The Stock Market Crash of 1929 in America was a influential crash in the market that began in 1929 after what was known as the Roaring Twenties. During the Roaring Twenties the Dow stock soared and numerous investors bought shares of stock and thought that it was a very safe place to put their money. Dow Jones showed great promise from 1921-1929 as many investors became millionaires. Investors soon irrationally invested their life savings and mortgaged their homes to put the money into hot stocks. People began borrowing and spending too much money and never paying it back. There are myths during this time of people jumping from building windows committing suicide. Foolish investing, irrational spending and bank failures are thought to have influenced the Stock Market Crash causing such a huge impact on the United States and inevitably lead to the Great Depression (Thackeray & Findling, 2011).

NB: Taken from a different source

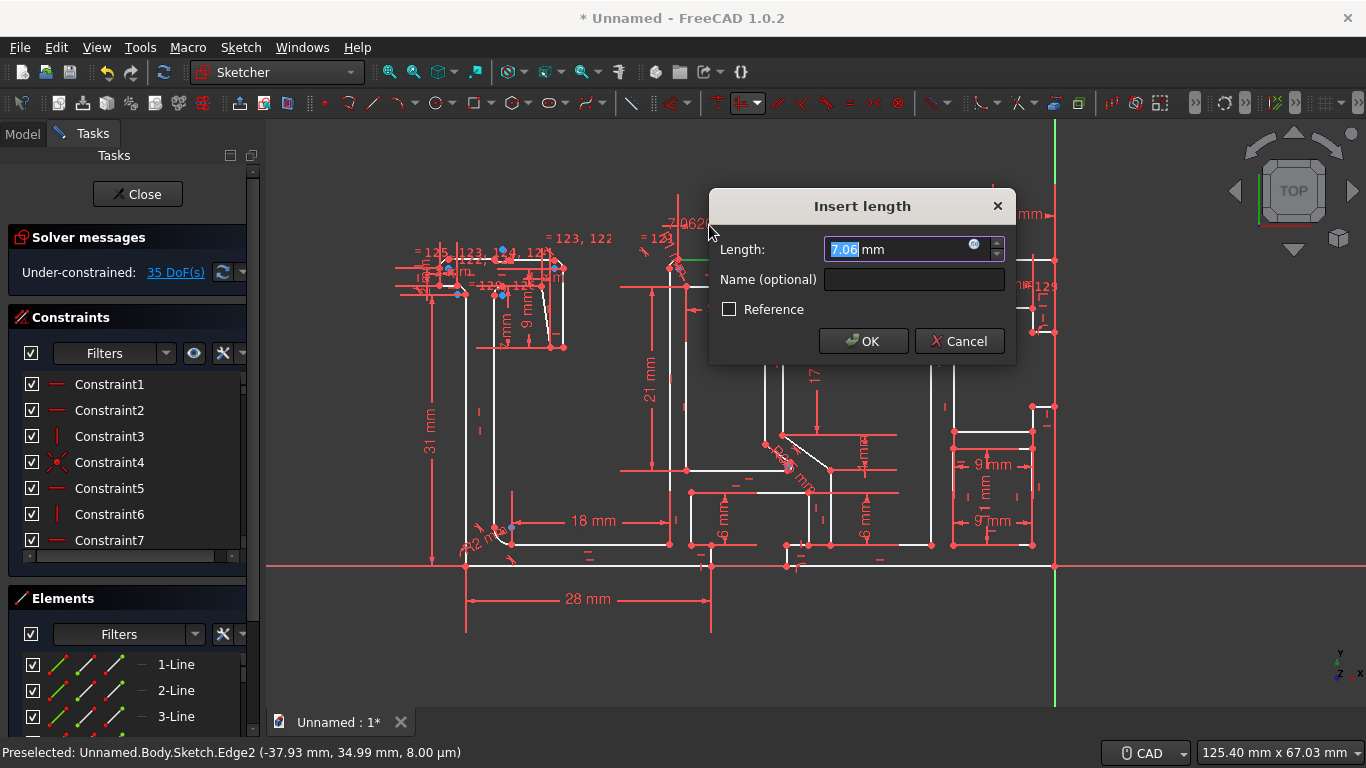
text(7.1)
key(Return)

First, in September 1929 the price of stock reached an all time high of 386 , the highest it
had been in over 10 years. But, by November it had dropped 40% to 230 and as the prices fell
and interest rates were changed several time in an attempt to fix stock market, investors began to
panic when they lost 70% of its value. This is when they franticly began trying to sell their stock
and the reality of the stock market being over inflated was quickly coming into perspective.
According to What Happened? An Encyclopedia of Events That Changed America Forever
"The stock market crash in New York City on Black Tuesday, October 29, 1929 devastated the
U.S. economy and wiped out the fortunes and life savings of many investors" (Thackeray &
Findling, 2011). This left the economy in shambles.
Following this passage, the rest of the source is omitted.